These two statements somehow contradict to each other. WIthout modifying the SXT configuration, you cannot move the PPPoE termination point from the SXT to this Mikrotik.

However, let’s talk about the firewall rules.

1. add action=accept chain=input comment="Eliminar solicitudes de DNS de public" \
    connection-state=new dst-port=53 in-interface=LAN-2 protocol=tcp
2. add action=accept chain=input comment="Eliminar solicitudes de DNS de public" \
    connection-state=new dst-port=53 in-interface=LAN-2 protocol=udp
3. add action=accept chain=input comment="No permitir paquetes extra\F1os" \
    connection-state=invalid
4. add action=accept chain=input comment=\
    "Permitir el acceso LAN al enrutador y a Internet" connection-state=new \
    in-interface=bridge-LAN
5. add action=accept chain=input comment=\
    "Permitir el acceso LAN al enrutador y a Internet" connection-state=new \
    in-interface=LAN-3
6. add action=accept chain=input comment=\
    "Permitir conexiones que se originaron desde LAN" connection-state=\
    established
7. add action=accept chain=input comment=\
    "Permitir ping ICMP desde cualquier lugar" protocol=icmp
8. add action=accept chain=input comment=\
    "No permitir nada desde cualquier lugar en cualquier interfaz"
9. add action=accept chain=forward comment="No permitir paquetes extra\F1os" \
    connection-state=invalid

While the comment to rules 1 and 2 says “Eliminar solicitudes de DNS de public”, their action is “accept”, which means they do not eliminate the DNS requests coming in via LAN-2. To make them do what the comment says, you have to change action to “drop”.
Same case are rules 3 and 9 - the comment says “No permitir paquetes extraños” but the action is “accept”. So a change of action to “drop” is also needed.
Comment to rule 5 says “Permitir el acceso LAN al enrutador y a Internet”, but as the rule is in chain “input”, it only permits access to the router itself, not to internet.
Comment to rule 6 says “Permitir conexiones que se originaron desde LAN” but actually it permits any previously established connection to/from the router itself, regardless from where it has been originated.
Comment to rule 8 says “No permitir nada desde cualquier lugar en cualquier interfaz” but it actually permits everything, so you would need to replace “accept” with “drop” as action, but don’t do it now as you would cut access to the Mikrotik.

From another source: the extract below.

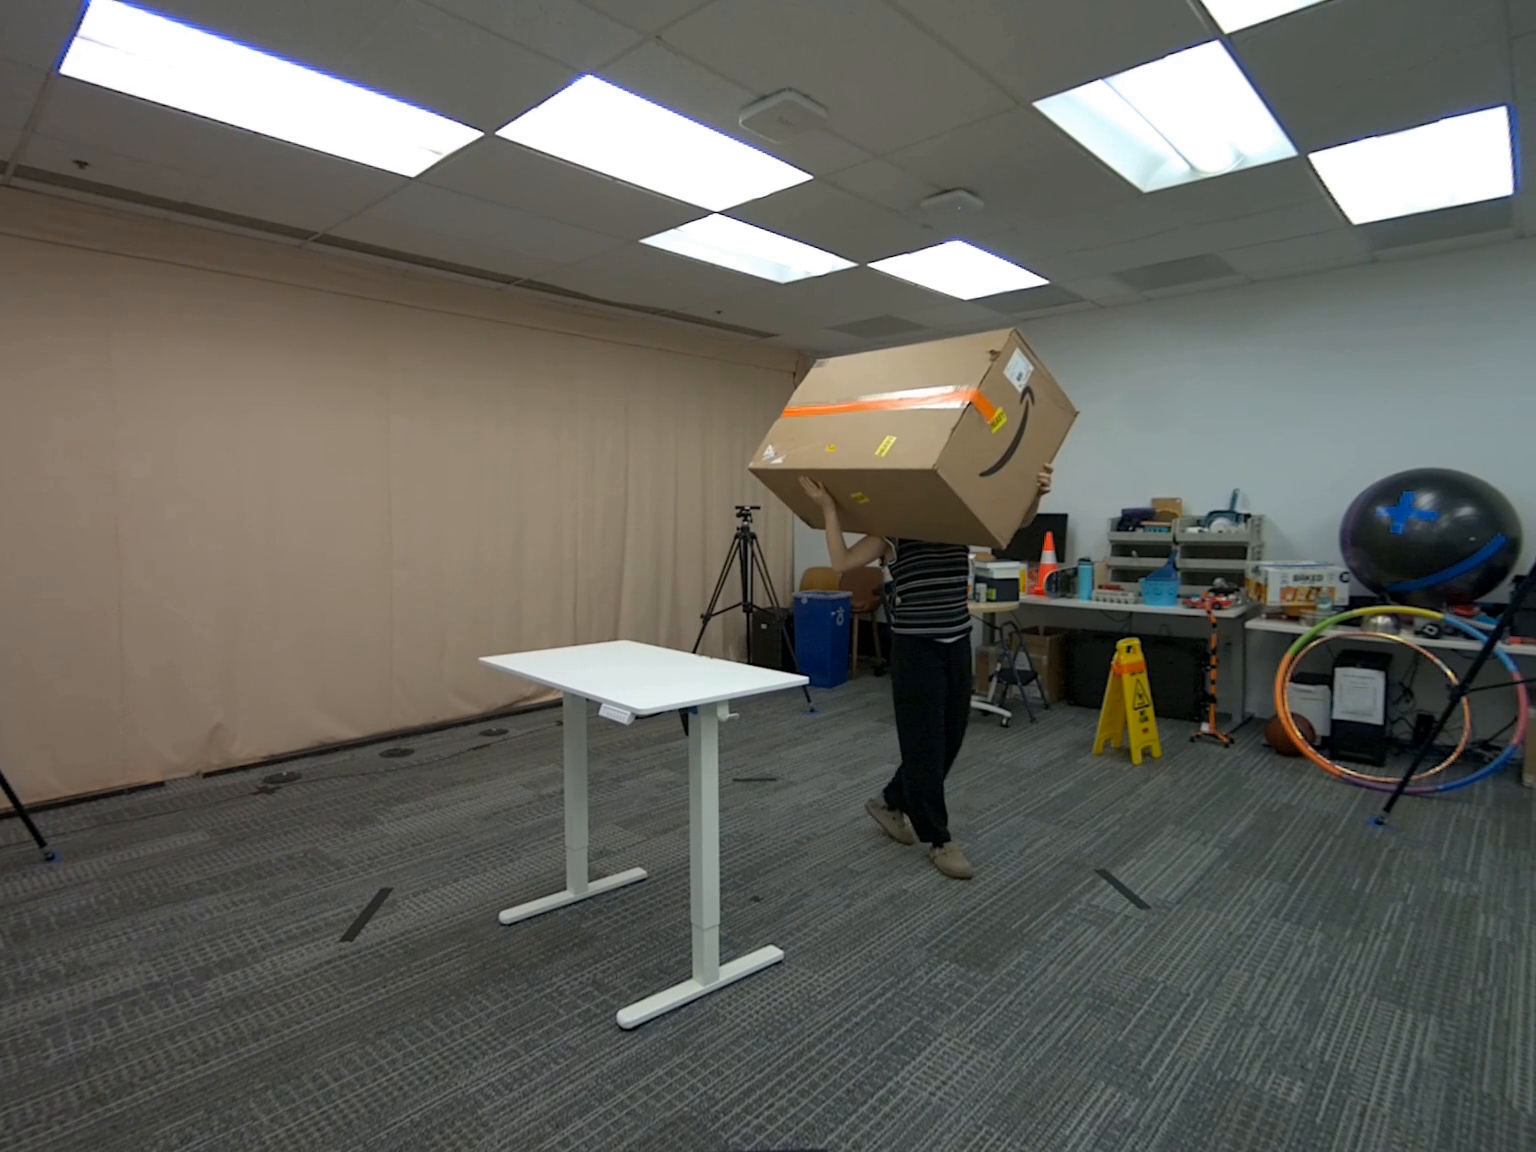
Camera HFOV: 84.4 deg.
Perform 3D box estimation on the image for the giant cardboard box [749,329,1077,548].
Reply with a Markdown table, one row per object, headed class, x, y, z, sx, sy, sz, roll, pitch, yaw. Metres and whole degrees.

Now how the firewall filter actually works:

• each incoming packet with destination address matching any of the addresses which are up on the Mikrotik itself is tested against rules in the chain named “input”
• each incoming packet with destination address matching none of Mikrotik’s own addresses is tested against rules in the chain named “forward”

.

In each chain, the rules are tested against the packet one-by-one starting from the topmost one until one of the rules which do match the packet provides a final verdict (typically accept or drop, some other actions are final verdicts too, but e.g. “log” is not a final verdict so a packet matching such rule continues to be processed by the chain). If none of the rules in the chain provides a final verdict, the packet is accepted.

The above is true unless a rule with “action=fasttrack-connection” matches a packet; if it does, further packets belonging to the same connection are not processed by the filter, assuming that packets which have established that connection were been permitted by the filter.

So the current configuration of your firewall filter actually provides no security at all, because it explicitly or implicitly accepts (or forwards) whatever it receives.

I would recommend you to look at the firewall settings in the output of “system default-configuration print”, understand fully what each of them does, and then create your own rules based on that.

Interface lists are a handy tool - you can e.g. define a list named “WAN” and a list named “LAN” and refer to them in all rules which should match traffic coming from several different interfaces. Instead of in-interface, you use in-interface-list in the rule; such rule then matches if the packet comes in through any of the interfaces on the list.

An example would be that in order to ignore DNS queries coming in via WAN interfaces, you actually configure a rule to accept DNS requests coming in via any of the LAN interfaces in the “input” chain. The final “drop the rest” rule in the “input” chain, if present, will then take care of dropping DNS requests coming in via any other interface. So the first “accept” rule is an exception from the last “drop all” one.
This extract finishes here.